What LogTrace is *not*: This is *not* a logging framework. LogTrace uses
the standard Python ``logging`` module. All your configuration to
``logging`` is going to be used by LogTrace. All your handlers are going
to act exactly as before. If you use a framework like Django, you use it
just like you do now. No changes whatever are required to your logging
configuration.
We also provide other features like
- Easily generate a UUID for the logged event.
- Timing for each message since LogTrace was created.

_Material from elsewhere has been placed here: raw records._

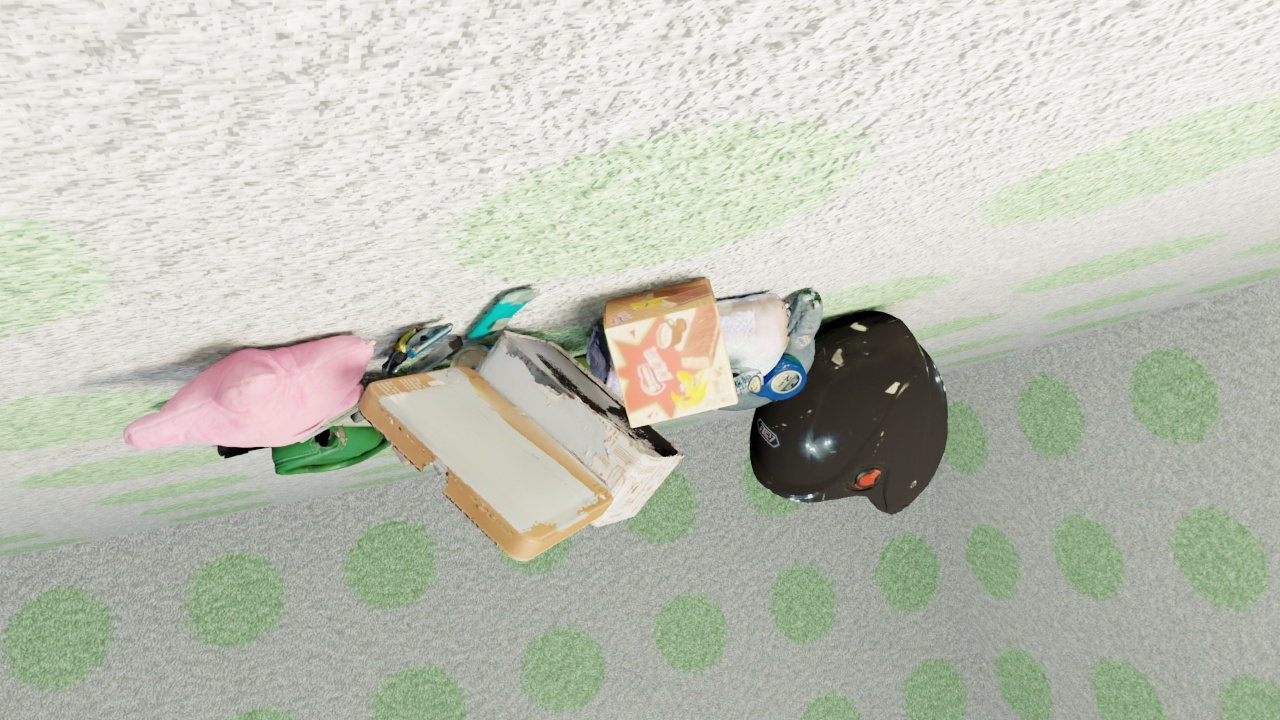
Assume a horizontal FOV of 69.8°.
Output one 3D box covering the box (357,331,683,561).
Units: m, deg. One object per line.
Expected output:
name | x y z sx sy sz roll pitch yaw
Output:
box | -0.083 0.060 0.753 0.088 0.178 0.262 -53 163 8

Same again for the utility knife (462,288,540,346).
utility knife | -0.122 -0.031 0.767 0.029 0.013 0.193 -9 172 -24

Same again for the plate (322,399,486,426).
plate | -0.249 0.053 0.966 0.230 0.027 0.230 -1 177 0

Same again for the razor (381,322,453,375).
razor | -0.200 -0.009 0.781 0.042 0.022 0.143 -38 -173 -29

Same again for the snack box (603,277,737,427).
snack box | 0.025 -0.008 0.782 0.094 0.093 0.077 -13 -159 4

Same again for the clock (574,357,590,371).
clock | -0.036 0.044 1.132 0.116 0.056 0.161 -4 161 30

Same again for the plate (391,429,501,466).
plate | -0.156 0.087 1.013 0.229 0.028 0.229 -11 174 -1

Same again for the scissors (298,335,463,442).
scissors | -0.221 0.028 0.773 0.160 0.014 0.176 -34 -178 41

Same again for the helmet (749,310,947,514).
helmet | 0.269 0.064 1.214 0.274 0.233 0.230 -24 130 -11

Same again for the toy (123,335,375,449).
toy | -0.282 0.026 0.728 0.179 0.074 0.194 -24 174 8

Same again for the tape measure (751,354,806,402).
tape measure | 0.155 0.019 1.014 0.054 0.025 0.058 20 125 -33

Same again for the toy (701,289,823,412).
toy | 0.134 0.003 1.108 0.137 0.091 0.357 -2 159 -29

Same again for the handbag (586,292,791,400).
handbag | 0.046 -0.009 0.934 0.193 0.075 0.134 -11 159 -14

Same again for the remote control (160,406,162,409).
remote control | -0.408 0.052 0.900 0.058 0.021 0.150 -12 173 -2

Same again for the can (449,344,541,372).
can | -0.133 0.013 0.924 0.053 0.053 0.134 -15 172 23

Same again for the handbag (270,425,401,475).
handbag | -0.365 0.093 1.088 0.120 0.068 0.131 -13 172 25

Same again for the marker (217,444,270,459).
marker | -0.475 0.104 1.179 0.132 0.022 0.020 -12 -151 -3

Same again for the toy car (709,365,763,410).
toy car | 0.072 0.022 0.860 0.049 0.031 0.105 8 -161 43

- Frame information for each part message, like filename, function,
lineno
- Any logging mechanism can be used, not just standard Python logging.

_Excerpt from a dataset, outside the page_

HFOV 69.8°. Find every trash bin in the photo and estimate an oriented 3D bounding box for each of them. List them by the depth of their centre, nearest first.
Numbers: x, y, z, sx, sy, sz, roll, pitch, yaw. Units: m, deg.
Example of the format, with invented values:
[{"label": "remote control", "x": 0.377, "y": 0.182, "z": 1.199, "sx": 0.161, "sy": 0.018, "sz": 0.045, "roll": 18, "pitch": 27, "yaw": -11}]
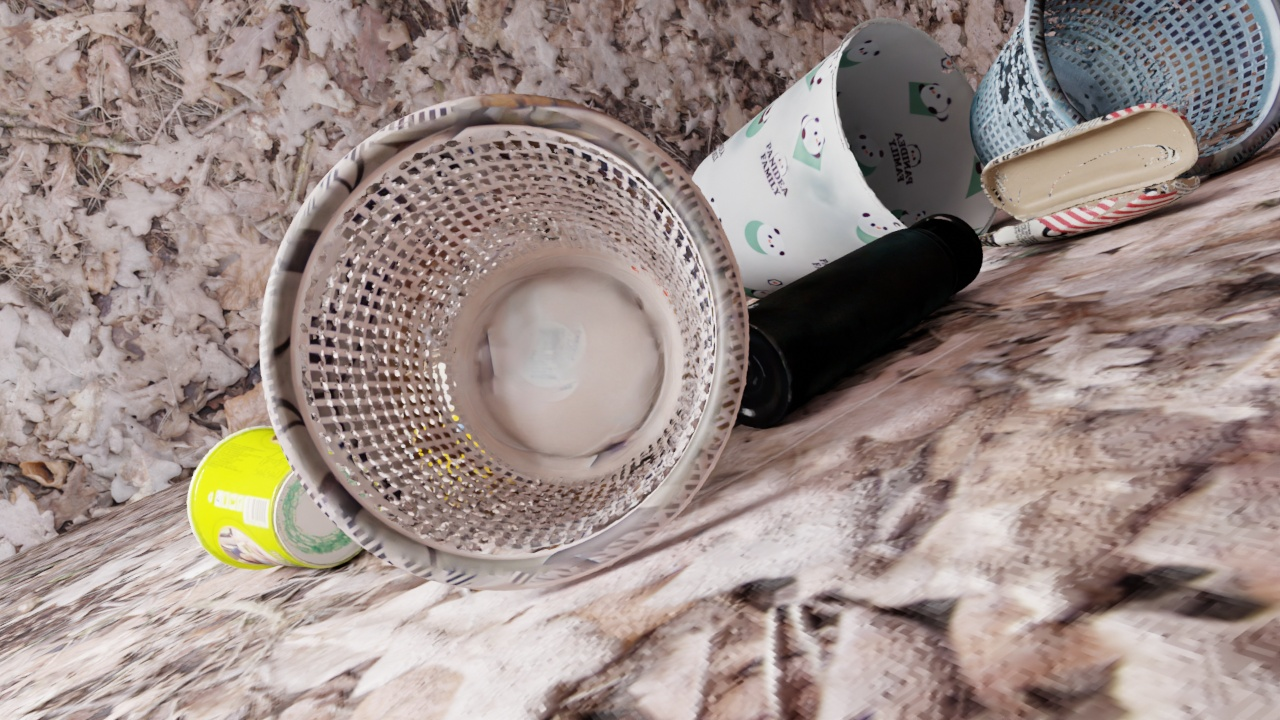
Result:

- Pass structured data (JSON).
We wanted to provide something that works in perfect harmony with the
existing Python logging module without unnecessary duplication of
features and no external dependencies (outside the PSL).
::
LogTrace(logger=None, # we'll emit output here
delimiter="; ", # delimiter between messages
tag='', # add a non-unique label
unique_id=False, # create a uuid to identify the log?

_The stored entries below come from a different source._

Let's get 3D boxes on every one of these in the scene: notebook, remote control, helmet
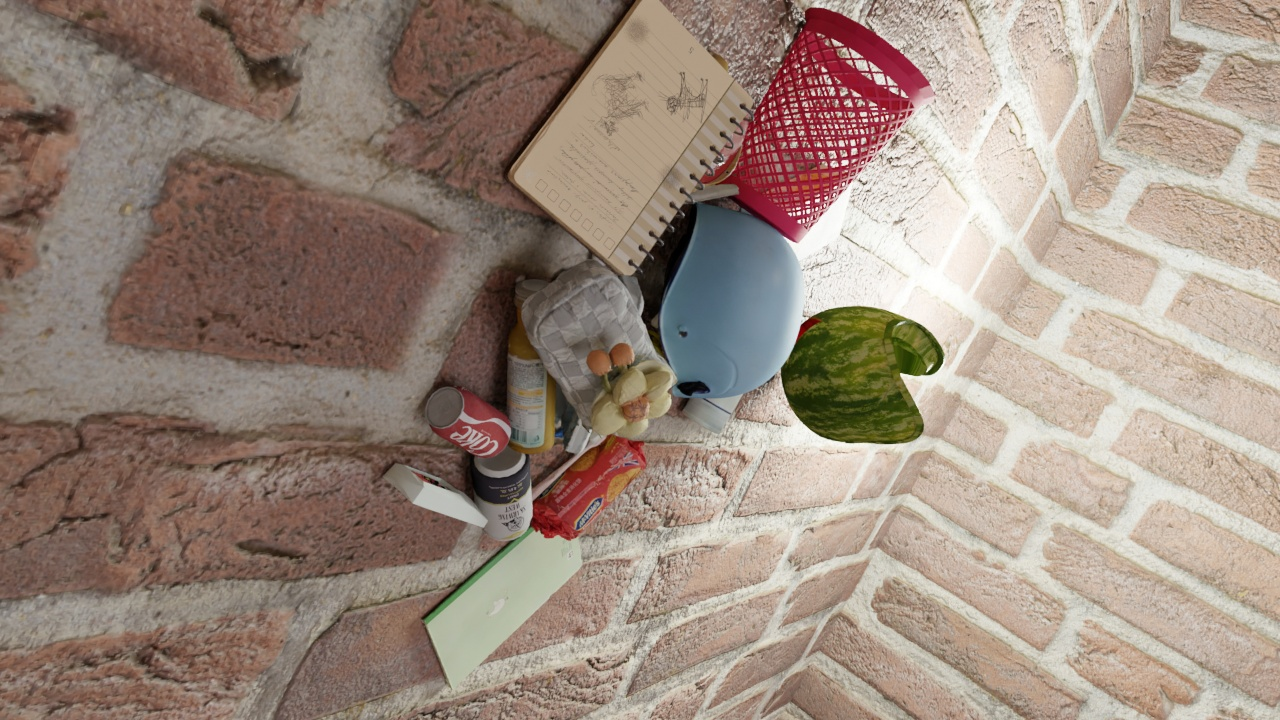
[{"bbox_3d":[-0.001,-0.212,0.880,0.167,0.024,0.225,39,83,-26],"label":"notebook"},{"bbox_3d":[-0.209,0.139,0.958,0.024,0.049,0.143,-55,151,-5],"label":"remote control"},{"bbox_3d":[0.350,0.024,1.520,0.243,0.248,0.212,45,51,-21],"label":"helmet"},{"bbox_3d":[-0.172,0.304,1.216,0.251,0.010,0.182,-39,146,-31],"label":"notebook"},{"bbox_3d":[0.111,-0.056,1.121,0.266,0.167,0.224,88,20,-58],"label":"helmet"}]

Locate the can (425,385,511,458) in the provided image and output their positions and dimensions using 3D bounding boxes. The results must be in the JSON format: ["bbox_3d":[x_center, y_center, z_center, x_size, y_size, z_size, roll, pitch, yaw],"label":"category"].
[{"bbox_3d":[-0.175,0.063,0.934,0.054,0.054,0.096,-55,151,-6],"label":"can"}]

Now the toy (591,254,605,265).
[{"bbox_3d":[-0.001,-0.151,1.003,0.125,0.037,0.076,-30,150,-22],"label":"toy"}]

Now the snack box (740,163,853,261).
[{"bbox_3d":[0.214,-0.195,1.283,0.207,0.057,0.104,-32,141,-40],"label":"snack box"}]

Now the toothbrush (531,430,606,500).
[{"bbox_3d":[-0.111,0.144,1.136,0.181,0.016,0.018,-41,147,-19],"label":"toothbrush"}]

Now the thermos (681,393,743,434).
[{"bbox_3d":[0.145,-0.003,1.353,0.230,0.068,0.068,-59,151,2],"label":"thermos"}]

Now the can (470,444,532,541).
[{"bbox_3d":[-0.155,0.150,1.037,0.064,0.064,0.128,-35,144,-35],"label":"can"}]

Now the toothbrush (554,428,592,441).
[{"bbox_3d":[-0.091,0.091,1.134,0.021,0.017,0.135,-60,154,11],"label":"toothbrush"}]

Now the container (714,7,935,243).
[{"bbox_3d":[0.205,-0.269,1.099,0.226,0.183,0.183,-54,152,9],"label":"container"}]

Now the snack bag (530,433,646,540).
[{"bbox_3d":[-0.068,0.164,1.176,0.176,0.082,0.082,-43,147,-24],"label":"snack bag"}]

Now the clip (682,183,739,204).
[{"bbox_3d":[0.060,-0.199,1.053,0.038,0.102,0.054,70,13,-60],"label":"clip"}]

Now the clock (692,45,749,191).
[{"bbox_3d":[0.061,-0.257,0.963,0.117,0.081,0.159,-49,150,-17],"label":"clock"}]

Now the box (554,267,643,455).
[{"bbox_3d":[-0.085,-0.008,1.033,0.107,0.110,0.217,-101,-148,-67],"label":"box"}]

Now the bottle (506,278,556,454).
[{"bbox_3d":[-0.114,0.007,0.965,0.053,0.053,0.186,-25,128,-45],"label":"bottle"}]

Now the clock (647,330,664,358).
[{"bbox_3d":[-0.007,0.007,1.124,0.118,0.057,0.083,-21,115,-54],"label":"clock"}]

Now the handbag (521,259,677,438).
[{"bbox_3d":[-0.036,-0.005,0.902,0.112,0.123,0.171,-33,125,-4],"label":"handbag"}]

verbosity='v' # level of output for frame information
)
- ``logger``: the standard logger returned from
``import logging; logger = logging.getLogger(__name__)``. You can
create a ``LogTrace()`` without a logger in which case it creates
with the value of ``__name__``.
- ``delimiter``: the character(s) used between messages
- ``tag``: This is a convenience to tell LogTrace() to use hash+tag at
the start of every entry after calling ``.emit()`` for ease of
searching.
- ``unique_id``: generate a uuid to associate with the final message
output.
- ``verbosity``: v, vv, vvv for three levels of verbosity when adding
frame information
``LogTrace.get_uid()``: return the unique id. If one has not been set
during construction of the LogTrace, a uuid is generated. Otherwise, it
returns the existing one.
``LogTrace.set_uid(uid)``: Set a unique id. This can be done by
constructing ``LogTrace()`` with ``unique_id=True``. This takes normally
either a uuid or str argument.
``LogTrace.add(msg, data, backup)``: Add a message to the list. This
will get frame information for the call depending on the verbosity
level.
``LogTrace.emit_string()``: return a string that is the final log
message.
``LogTrace.emit()``: call ``logger.debug(message)``
``LogTrace.emit_error()``: call ``logger.error(message)``
``LogTrace.emit_info()``: call ``logger.info(message)``
``LogTrace.emit_debug()``: call ``logger.debug(message)``
``LogTrace.emit_warning()``: call ``logger.warning(message)``
``LogTrace.emit_critical()``: call ``logger.critical(message)``
When the ``LogTrace`` is created, ``time.time()`` is recorded. Whenever
``LogTrace.add()`` is called, the start time is subtracted from the
current time when the message is added. The final message prints the
number of seconds since creating.
You probably want to avoid including ``LogTrace.add()`` in loops. You
also probably want to create it as a local, not a module-level variable.
Pass it as a method argument rather than using a module level instance.
If you do want to re-use a ``LogTrace`` and clear messages, you can call
``LogTrace.clear()``. But be aware the uid might need to be reset
depending on your application requirements.
Extra Data
----------
``LogTrace.add()`` has an optional parameter ``data`` that takes a
dictionary. We keep a dict in the object and ``update()`` it whenever
the ``data`` parameter is used. This doesn't do anything within
``LogTrace`` itself other than maintain the ``data`` member variable.
But you can accumulate data and later ship the data to a service like
AWS S3 or whatever, like this:
::
logger.info(trace.emit_string(), extra=trace.data)
This would be useful if you are using a logging handler that ships the
``logging.LogRecord`` as JSON to some service like a document oriented
data store, Elasticsearch, etc.
Testing
-------
::
pip install pytest
cd logtrace
pytest test.py --verbose
or
::
python3 logtrace/test.py
Performance
-----------
``LogTrace()`` appends to a list of strings everytime you call
``add()``. But it firstly calls ``inspect.getFrameInfo()`` and builds
the string with that information. When ``emit()`` is called, it
concatenates all the strings in the list separated by ``delimiter`` and
then calls ``logger.info()`` or whatever method is appropriate. If the
effective level is not the current level for the method, then the list
will be empty and it won't do the call to the ``logger`` method.